4. Always wash your hands before (if possible) and after giving first aid to avoid the risk of infection and transmission of disease. If possible, use surgical gloves before giving first aid.
5. Puncture wounds, which usually don't bleed very much, are dangerous because of the risk of infection. Seek medical care to prevent tetanus or other infection.
6. Abdominal wounds can be very serious because of the possibility of severe internal bleeding which may not be obvious externally, but which may result in shock. Seek medical care immediately if internal bleeding is suspected.

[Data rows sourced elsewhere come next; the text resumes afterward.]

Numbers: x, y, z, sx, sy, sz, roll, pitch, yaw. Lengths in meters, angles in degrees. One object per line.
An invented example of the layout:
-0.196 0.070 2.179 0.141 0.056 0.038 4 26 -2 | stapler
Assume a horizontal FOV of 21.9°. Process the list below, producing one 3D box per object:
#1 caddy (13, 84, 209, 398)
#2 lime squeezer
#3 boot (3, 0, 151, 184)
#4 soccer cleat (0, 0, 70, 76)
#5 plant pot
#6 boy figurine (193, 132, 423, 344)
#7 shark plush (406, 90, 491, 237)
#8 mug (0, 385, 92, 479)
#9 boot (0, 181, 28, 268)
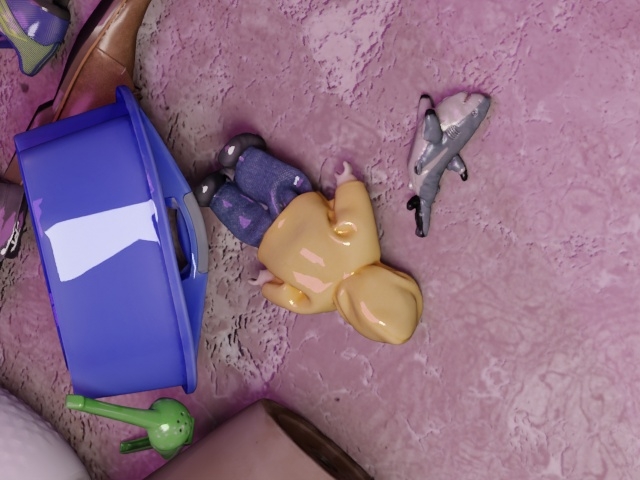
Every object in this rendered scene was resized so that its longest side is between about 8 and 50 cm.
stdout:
-0.209 0.008 1.766 0.179 0.241 0.341 -13 105 -9 | caddy
-0.188 0.209 1.785 0.110 0.310 0.058 -13 74 0 | lime squeezer
-0.239 -0.180 1.875 0.115 0.112 0.305 28 103 -11 | boot
-0.424 -0.287 1.933 0.289 0.093 0.121 29 97 19 | soccer cleat
-0.083 0.328 1.733 0.323 0.323 0.280 41 94 17 | plant pot
0.000 0.000 1.760 0.285 0.092 0.177 39 109 17 | boy figurine
0.126 -0.078 1.715 0.067 0.073 0.161 12 96 -6 | shark plush
-0.462 0.325 1.896 0.328 0.276 0.374 21 86 14 | mug
-0.436 -0.090 1.934 0.223 0.118 0.338 19 104 -7 | boot
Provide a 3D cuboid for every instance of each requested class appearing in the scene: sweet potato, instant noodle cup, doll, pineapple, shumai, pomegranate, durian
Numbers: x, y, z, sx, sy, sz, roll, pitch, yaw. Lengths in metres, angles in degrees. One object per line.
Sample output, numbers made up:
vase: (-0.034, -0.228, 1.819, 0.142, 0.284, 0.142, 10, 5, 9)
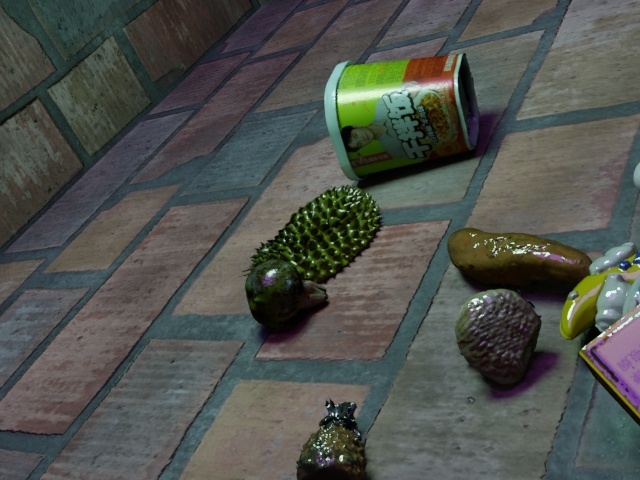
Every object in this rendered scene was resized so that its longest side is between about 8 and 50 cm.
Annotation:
sweet potato: (0.317, 0.032, 1.428, 0.106, 0.095, 0.354, -13, 13, -28)
instant noodle cup: (0.203, -0.303, 1.918, 0.307, 0.294, 0.294, -6, 35, 21)
doll: (0.477, 0.090, 1.183, 0.237, 0.111, 0.252, 12, 46, 46)
pineapple: (0.024, 0.312, 1.232, 0.108, 0.108, 0.198, -18, 19, 16)
shumai: (0.273, 0.147, 1.280, 0.145, 0.146, 0.116, -29, -8, -4)
pomegranate: (-0.072, 0.110, 1.611, 0.163, 0.138, 0.125, 15, 30, 9)
durian: (0.000, 0.000, 1.769, 0.351, 0.158, 0.169, -39, -4, -21)

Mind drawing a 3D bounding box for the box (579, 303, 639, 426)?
box: (0.478, 0.187, 0.945, 0.192, 0.084, 0.301, -40, 44, 5)

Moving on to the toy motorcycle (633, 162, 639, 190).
toy motorcycle: (0.604, -0.061, 1.356, 0.112, 0.112, 0.254, -20, 31, 14)
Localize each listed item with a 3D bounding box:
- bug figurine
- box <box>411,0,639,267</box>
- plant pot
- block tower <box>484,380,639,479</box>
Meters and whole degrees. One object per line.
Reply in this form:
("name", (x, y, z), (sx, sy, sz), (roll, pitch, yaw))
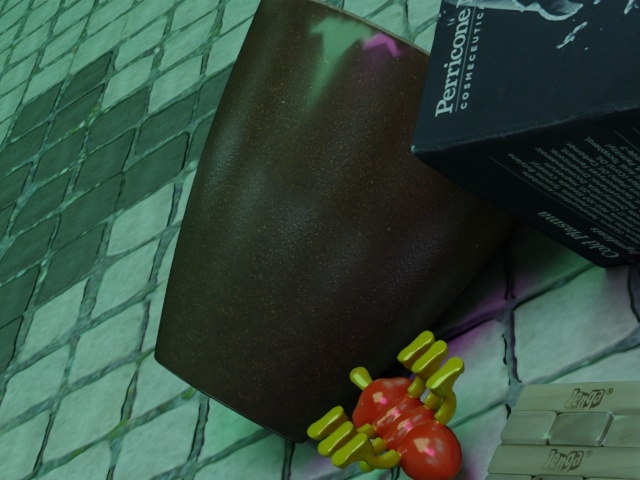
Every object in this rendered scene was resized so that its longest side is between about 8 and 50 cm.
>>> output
("bug figurine", (-0.009, 0.182, 0.787), (0.279, 0.072, 0.216), (-38, 33, -2))
("box", (0.242, -0.183, 0.770), (0.312, 0.179, 0.343), (-10, 61, 48))
("plant pot", (0.000, 0.000, 0.930), (0.230, 0.215, 0.215), (-60, 29, -4))
("block tower", (0.077, 0.216, 0.606), (0.091, 0.097, 0.335), (-8, 44, 48))
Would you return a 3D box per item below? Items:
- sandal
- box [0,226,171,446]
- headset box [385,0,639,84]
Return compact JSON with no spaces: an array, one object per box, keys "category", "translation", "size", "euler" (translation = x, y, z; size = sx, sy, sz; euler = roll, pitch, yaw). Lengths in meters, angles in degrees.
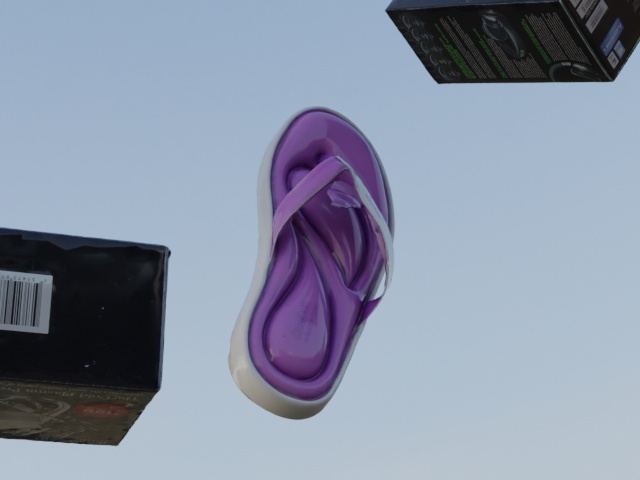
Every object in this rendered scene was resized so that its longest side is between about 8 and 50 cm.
[{"category":"sandal","translation":[0.013,0.006,1.613],"size":[0.169,0.416,0.102],"euler":[25,-42,-18]},{"category":"box","translation":[-0.374,0.117,1.792],"size":[0.343,0.179,0.312],"euler":[6,-20,-14]},{"category":"headset box","translation":[0.246,-0.307,1.738],"size":[0.283,0.246,0.131],"euler":[5,-36,48]}]
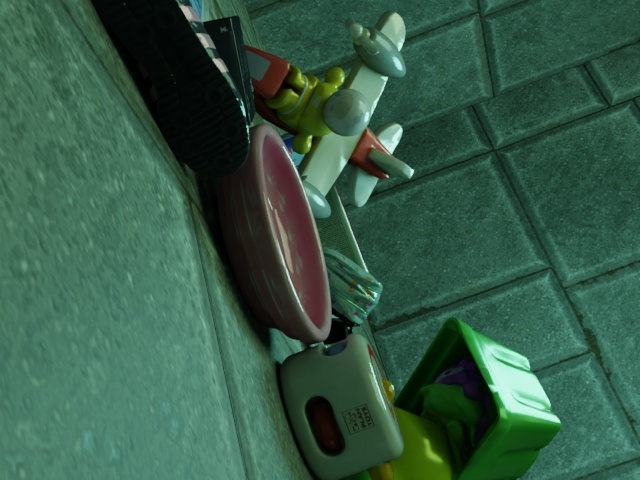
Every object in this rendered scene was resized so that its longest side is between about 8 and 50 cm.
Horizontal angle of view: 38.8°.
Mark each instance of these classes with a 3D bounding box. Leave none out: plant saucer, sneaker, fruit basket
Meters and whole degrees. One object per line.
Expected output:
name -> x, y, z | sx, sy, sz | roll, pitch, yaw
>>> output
plant saucer -> -0.070, -0.004, 1.341 | 0.332, 0.084, 0.332 | -15, 90, -81
sneaker -> -0.172, -0.229, 1.123 | 0.131, 0.112, 0.319 | -100, 170, -53
fruit basket -> 0.165, 0.338, 1.520 | 0.283, 0.392, 0.392 | -108, 175, -49

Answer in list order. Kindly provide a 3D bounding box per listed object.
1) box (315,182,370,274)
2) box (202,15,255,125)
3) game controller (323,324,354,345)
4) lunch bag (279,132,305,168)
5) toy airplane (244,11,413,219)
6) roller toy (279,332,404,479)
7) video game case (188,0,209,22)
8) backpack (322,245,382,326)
box -> 0.000, 0.000, 1.940 | 0.127, 0.149, 0.232 | -96, 166, -76
box -> -0.158, -0.253, 1.373 | 0.158, 0.093, 0.156 | -96, 176, -75
game controller -> 0.070, 0.300, 1.761 | 0.166, 0.067, 0.319 | -114, -175, -48
lunch bag -> -0.022, -0.244, 2.316 | 0.293, 0.221, 0.138 | -9, 78, -86
toy airplane -> 0.030, -0.217, 1.726 | 0.272, 0.384, 0.386 | 7, -68, 68
roller toy -> 0.038, 0.240, 1.313 | 0.191, 0.146, 0.209 | 64, 8, -48
video game case -> -0.260, -0.469, 1.492 | 0.244, 0.061, 0.269 | -105, 173, -61
backpack -> 0.020, 0.079, 1.668 | 0.182, 0.115, 0.152 | 34, 9, 1
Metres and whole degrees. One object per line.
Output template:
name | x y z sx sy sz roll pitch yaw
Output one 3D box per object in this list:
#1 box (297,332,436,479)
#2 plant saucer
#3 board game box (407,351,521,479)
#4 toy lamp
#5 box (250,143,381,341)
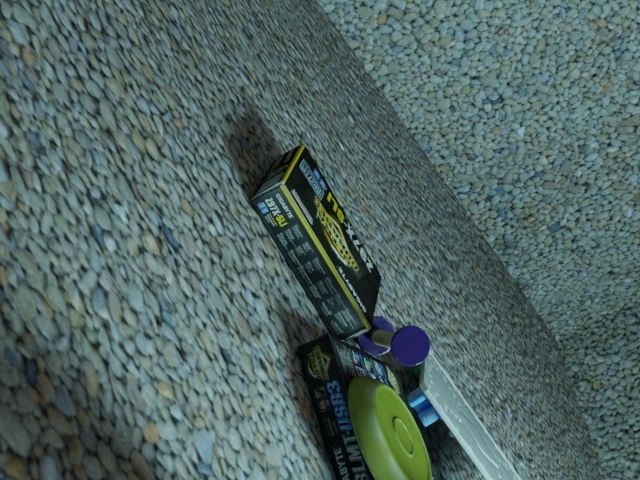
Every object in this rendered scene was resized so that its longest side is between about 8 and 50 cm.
box | 0.091 0.326 1.852 0.293 0.073 0.295 34 33 -60
plant saucer | 0.121 0.323 1.763 0.241 0.037 0.241 53 21 -30
board game box | 0.304 0.418 2.219 0.390 0.050 0.390 54 8 -1
toy lamp | 0.124 0.180 1.996 0.080 0.080 0.274 62 -14 -6
box | 0.000 0.000 2.065 0.322 0.079 0.257 59 15 -14
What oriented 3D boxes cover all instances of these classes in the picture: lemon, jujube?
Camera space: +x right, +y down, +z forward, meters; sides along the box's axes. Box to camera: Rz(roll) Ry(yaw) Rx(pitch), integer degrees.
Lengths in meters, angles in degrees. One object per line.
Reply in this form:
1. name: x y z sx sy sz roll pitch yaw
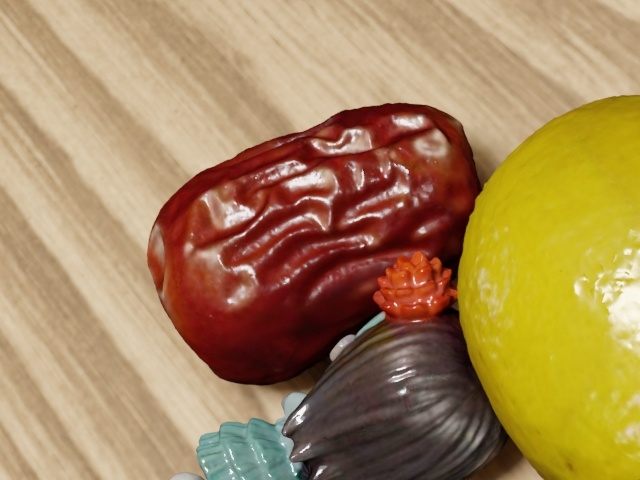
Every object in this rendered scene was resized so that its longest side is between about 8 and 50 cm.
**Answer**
1. lemon: 0.196 0.041 0.988 0.236 0.236 0.263 -36 76 8
2. jujube: 0.000 0.000 1.166 0.230 0.155 0.155 -23 57 5

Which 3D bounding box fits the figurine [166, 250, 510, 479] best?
1. figurine: 0.006 0.123 1.109 0.245 0.138 0.110 -34 26 12

If organs have been displaced by the wound, do not try to reposition them; cover the injury with a dressing, and do not apply more than very gentle pressure to stop the bleeding. Causes: Damage to blood vessel causes bleeding, which can range from minor to life threatening
7. DO NOT (for those with no Healing Background, or who are in training)
DO NOT APPLY A TOURNIQUET TO CONTROL BLEEDING, EXCEPT AS A LAST RESORT; DOING SO MAY CAUSE MORE HARM THAN GOOD.
DO NOT probe a wound or pull out any embedded object from a wound. This will usually cause more bleeding and harm.
DO NOT try to clean a large wound. This can cause heavier bleeding.
DO NOT remove a dressing if it becomes soaked with blood. Instead, add a new one on top.
DO NOT peek at a wound to see if the bleeding is stopping. The less a wound is disturbed, the more likely it is that you'll be able to control the bleeding.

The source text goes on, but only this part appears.